RickJWagner writes "Are you a .Net developer? Do you have to persist your application objects to a database? If so, I know of a book you might be interested in, Packt Publishing's NHibernate 3.0 Cookbook. NHibernate is a port of the popular Hibernate object-relational mapper (ORM, for those who like TLAs.) An object-relational mapper is a framework that lets the developer get and retrieve application state from a database, and it does so in an efficient, non-intrusive, and flexible manner. Hibernate is the top of the line ORM implementation, yet it's easy enough to learn that even a newbie will find it easy to get started." Read on for the rest of Rick's review. NHibernate 3.0 Cookbook author Dentler Jason pages 328 publisher Packt Publishing rating 7/10 reviewer RickJWagner ISBN 184951304X summary The ultimate "how-to" reference for NHibernate 3.0 This book is written in Packt's 'Cookbook' style, which means it's really a series of how-to templates that guide the reader through some goal-centric activity. A 'recipe' is a formula for accomplishing something, like setting up a session for a web application, or using a profiler with NHibernate, or creating a validator class. You may not know what some of these things do-- but you will when you read the recipe! Each recipe follows a repeated pattern, with sub-sections "Getting Ready", "How to do it", "How it works", "There's More". At first glance, this can be a little deceptive for readers of technical books-- there's really no lengthy text sections that explain the basics of the tool in the early chapters of the book. You might be lulled into thinking this means there's no explanation for how things work, but that would be wrong! The truth is, there is plenty of good NHibernate theory and explanation, it's just that it's contained within the "How it Works" and "There's More" section of each instructional section, not in a chapter devoted to overview just by itself. For this reason, I'd urge bookshelf browsers to be sure to read one topic through front-to-back thoroughly, to get a feel for how the book presents theory as well as practical hands-on-the-keyboard instruction.

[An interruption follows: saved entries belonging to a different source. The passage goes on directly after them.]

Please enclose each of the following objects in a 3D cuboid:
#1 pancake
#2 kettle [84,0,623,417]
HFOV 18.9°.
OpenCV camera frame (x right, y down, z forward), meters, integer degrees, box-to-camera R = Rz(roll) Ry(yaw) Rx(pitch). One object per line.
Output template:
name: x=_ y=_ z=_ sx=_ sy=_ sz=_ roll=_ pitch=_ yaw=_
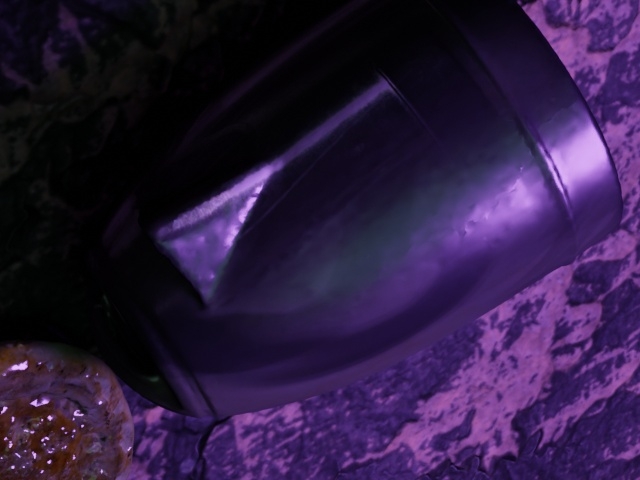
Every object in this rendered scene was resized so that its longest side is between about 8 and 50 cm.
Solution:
pancake: x=-0.224 y=0.168 z=1.286 sx=0.254 sy=0.037 sz=0.253 roll=-27 pitch=137 yaw=-28
kettle: x=0.000 y=0.000 z=1.273 sx=0.324 sy=0.228 sz=0.321 roll=-33 pitch=161 yaw=-8
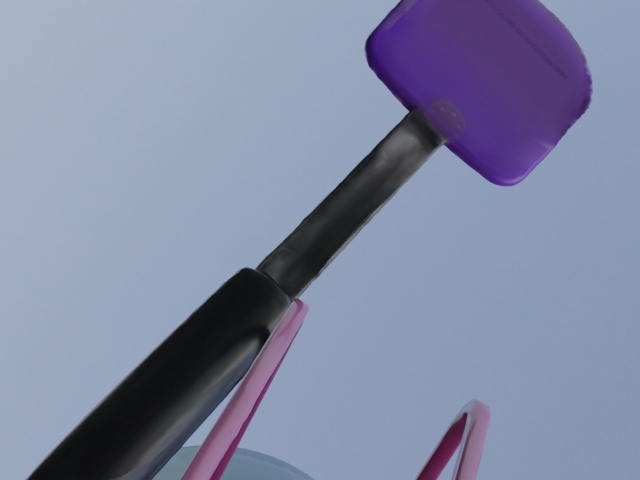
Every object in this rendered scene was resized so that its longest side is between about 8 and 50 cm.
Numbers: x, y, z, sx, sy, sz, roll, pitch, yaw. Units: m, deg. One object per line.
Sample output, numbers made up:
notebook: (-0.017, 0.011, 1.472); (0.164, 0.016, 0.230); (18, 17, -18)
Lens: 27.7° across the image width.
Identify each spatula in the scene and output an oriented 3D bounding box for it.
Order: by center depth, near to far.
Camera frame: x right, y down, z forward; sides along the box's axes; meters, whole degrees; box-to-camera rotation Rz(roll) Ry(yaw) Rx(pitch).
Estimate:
spatula: (0.000, 0.000, 0.465); (0.084, 0.030, 0.296); (43, -111, 0)

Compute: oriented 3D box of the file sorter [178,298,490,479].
file sorter: (0.058, 0.179, 0.388); (0.290, 0.182, 0.202); (29, -154, 2)

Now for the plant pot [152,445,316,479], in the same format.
plant pot: (-0.055, 0.297, 0.834); (0.293, 0.293, 0.235); (-45, -167, -12)
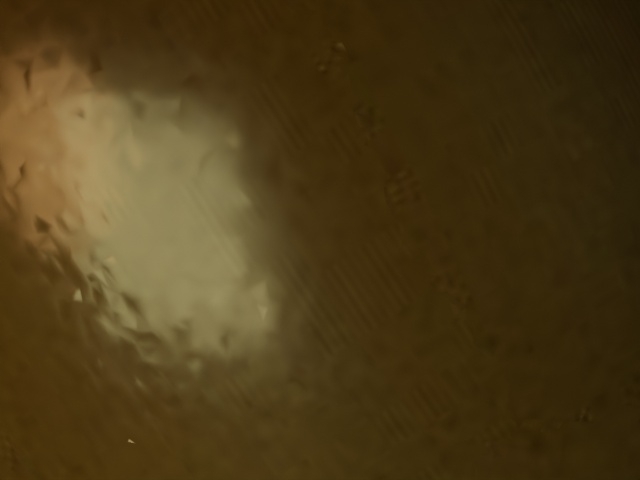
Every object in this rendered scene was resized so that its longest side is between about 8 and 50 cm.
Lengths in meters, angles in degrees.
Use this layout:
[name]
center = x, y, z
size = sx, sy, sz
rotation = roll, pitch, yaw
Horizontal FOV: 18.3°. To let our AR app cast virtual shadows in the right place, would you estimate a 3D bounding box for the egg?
[egg]
center = 0.000, 0.000, 0.530
size = 0.250, 0.250, 0.322
rotation = -35, 84, 29
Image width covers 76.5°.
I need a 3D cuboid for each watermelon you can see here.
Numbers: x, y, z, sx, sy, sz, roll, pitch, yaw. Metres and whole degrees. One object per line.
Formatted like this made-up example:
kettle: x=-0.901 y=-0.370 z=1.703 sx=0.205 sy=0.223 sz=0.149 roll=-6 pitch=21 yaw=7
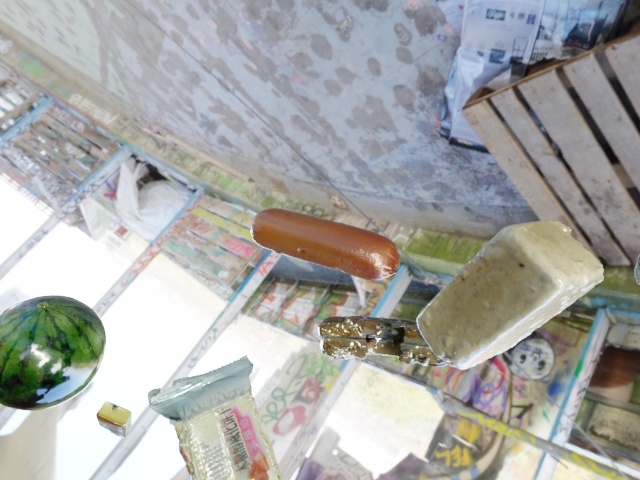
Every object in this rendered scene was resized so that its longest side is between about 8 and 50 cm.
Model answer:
watermelon: x=-0.591 y=0.236 z=0.874 sx=0.242 sy=0.242 sz=0.242 roll=32 pitch=160 yaw=13

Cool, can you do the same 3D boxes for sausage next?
sausage: x=0.000 y=0.001 z=0.882 sx=0.349 sy=0.097 sz=0.094 roll=15 pitch=149 yaw=18

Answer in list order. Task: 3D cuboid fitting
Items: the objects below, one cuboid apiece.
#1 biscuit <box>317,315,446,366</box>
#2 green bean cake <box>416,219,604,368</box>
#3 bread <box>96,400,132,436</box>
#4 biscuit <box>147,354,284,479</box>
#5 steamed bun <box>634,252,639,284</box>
biscuit: x=0.182 y=0.279 z=1.155 sx=0.367 sy=0.115 sz=0.268 roll=4 pitch=174 yaw=9
green bean cake: x=0.202 y=0.064 z=0.450 sx=0.085 sy=0.109 sz=0.179 roll=60 pitch=137 yaw=31
bread: x=-0.595 y=0.524 z=1.179 sx=0.088 sy=0.049 sz=0.226 roll=27 pitch=141 yaw=-8
biscuit: x=-0.150 y=0.363 z=0.664 sx=0.079 sy=0.186 sz=0.309 roll=-38 pitch=69 yaw=50
steamed bun: x=0.436 y=-0.008 z=0.406 sx=0.170 sy=0.225 sz=0.200 roll=28 pitch=-170 yaw=19
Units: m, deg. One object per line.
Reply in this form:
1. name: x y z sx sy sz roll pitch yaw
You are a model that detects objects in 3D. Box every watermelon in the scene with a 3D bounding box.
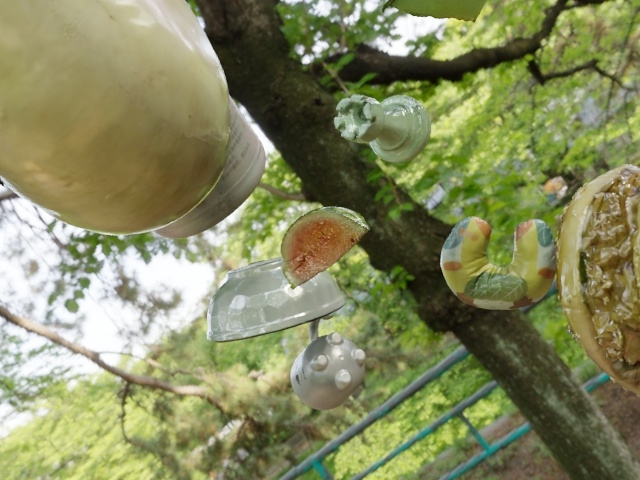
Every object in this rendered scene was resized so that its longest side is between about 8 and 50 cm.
1. watermelon: -0.010 -0.010 0.945 0.163 0.069 0.087 -39 36 29

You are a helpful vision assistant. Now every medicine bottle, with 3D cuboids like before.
1. medicine bottle: -0.270 -0.189 1.085 0.256 0.325 0.256 -23 37 19

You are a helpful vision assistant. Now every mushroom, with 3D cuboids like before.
1. mushroom: -0.178 -0.108 0.425 0.202 0.246 0.246 -32 -6 3

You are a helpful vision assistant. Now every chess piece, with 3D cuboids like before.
1. chess piece: 0.166 -0.321 1.811 0.194 0.195 0.299 -42 -21 27

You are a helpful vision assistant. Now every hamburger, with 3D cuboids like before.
1. hamburger: 0.536 0.064 1.119 0.286 0.446 0.268 -1 -7 -37

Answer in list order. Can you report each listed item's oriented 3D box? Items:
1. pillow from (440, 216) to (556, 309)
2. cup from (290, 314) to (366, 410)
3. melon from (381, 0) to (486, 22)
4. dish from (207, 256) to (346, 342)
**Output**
1. pillow: 0.366 0.047 1.356 0.086 0.233 0.214 -48 -41 -56
2. cup: 0.026 0.240 1.324 0.142 0.134 0.174 119 172 -57
3. melon: 0.267 -0.543 1.477 0.261 0.114 0.053 -4 17 4
4. dish: -0.096 0.098 1.250 0.302 0.120 0.303 -14 3 1
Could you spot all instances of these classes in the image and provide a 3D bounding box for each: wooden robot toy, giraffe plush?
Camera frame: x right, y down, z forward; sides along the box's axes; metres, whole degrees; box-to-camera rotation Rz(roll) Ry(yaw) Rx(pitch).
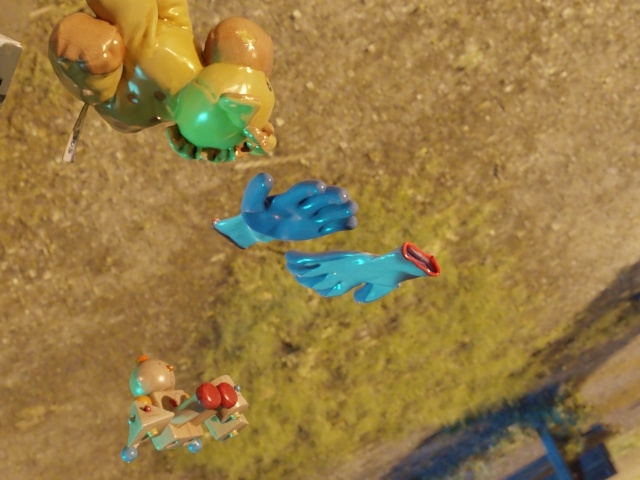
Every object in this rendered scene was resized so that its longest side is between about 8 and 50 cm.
[{"bbox_3d":[-0.113,0.119,0.816,0.076,0.079,0.173,-41,159,15],"label":"wooden robot toy"},{"bbox_3d":[-0.114,-0.140,0.865,0.181,0.171,0.210,-48,155,-68],"label":"giraffe plush"}]

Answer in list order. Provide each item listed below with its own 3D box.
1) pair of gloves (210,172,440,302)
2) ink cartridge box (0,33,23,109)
[{"bbox_3d":[0.000,0.000,0.912,0.159,0.023,0.198,-15,139,43],"label":"pair of gloves"},{"bbox_3d":[-0.368,-0.151,1.019,0.135,0.099,0.056,-68,161,8],"label":"ink cartridge box"}]
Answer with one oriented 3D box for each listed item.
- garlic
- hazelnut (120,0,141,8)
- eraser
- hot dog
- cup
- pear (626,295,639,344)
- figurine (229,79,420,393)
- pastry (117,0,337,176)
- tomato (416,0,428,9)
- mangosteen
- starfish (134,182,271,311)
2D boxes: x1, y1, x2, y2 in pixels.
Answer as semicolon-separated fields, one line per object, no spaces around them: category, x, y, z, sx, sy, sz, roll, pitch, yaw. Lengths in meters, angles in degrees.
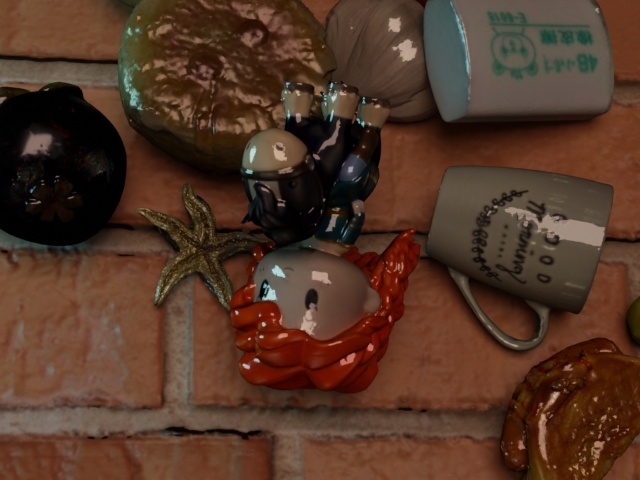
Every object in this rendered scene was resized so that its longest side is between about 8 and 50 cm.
garlic;0.107;-0.285;1.699;0.229;0.143;0.178;41;70;1
hazelnut;-0.258;-0.449;1.714;0.214;0.176;0.214;25;51;-34
eraser;0.297;-0.271;1.671;0.290;0.104;0.189;-5;88;-32
hot dog;0.337;0.235;1.525;0.153;0.150;0.257;44;73;2
cup;0.267;0.022;1.596;0.234;0.186;0.258;13;97;9
pear;0.487;0.107;1.614;0.092;0.092;0.097;20;71;3
figurine;-0.002;-0.007;1.480;0.241;0.412;0.306;6;28;15
pastry;-0.131;-0.244;1.620;0.329;0.136;0.330;3;70;-8
tomato;0.176;-0.471;1.708;0.259;0.260;0.180;-4;30;-6
mangosteen;-0.385;-0.113;1.564;0.243;0.243;0.243;2;70;-4
starfish;-0.180;0.023;1.604;0.208;0.053;0.176;41;72;13

As far as content goes, there is a lot of useful content in this book. The author presents 70 different recipes for activites that range from the basic (i.e. your first class-to-database mappings) to the unusual (i.e. using NHibernate Spatial for solving distance-related problems.) The author offers plenty of good text in most of these, but again-- don't be upset by the placement of the high-level material. It's all there, it's just placed a little differently than what you'd find in most technical books.

The book is easy to read. The text is plain and straight to the point, and the author's writing style is quite readable. The code examples are likewise clean and well-formatted. (By the way, I'd urge you to go to Packt's site to get the source bundle if you buy the book. There's a lot of code referenced, you certainly wouldn't want to type it all by hand if you can get it handed to you.) The book runs a little over 300 pages, and most of the type is generously spaced. This is not a strong theoretical reference, but it is more than adequate as a primer for the vast majority of the tasks you'd want to accomplish with NHibernate.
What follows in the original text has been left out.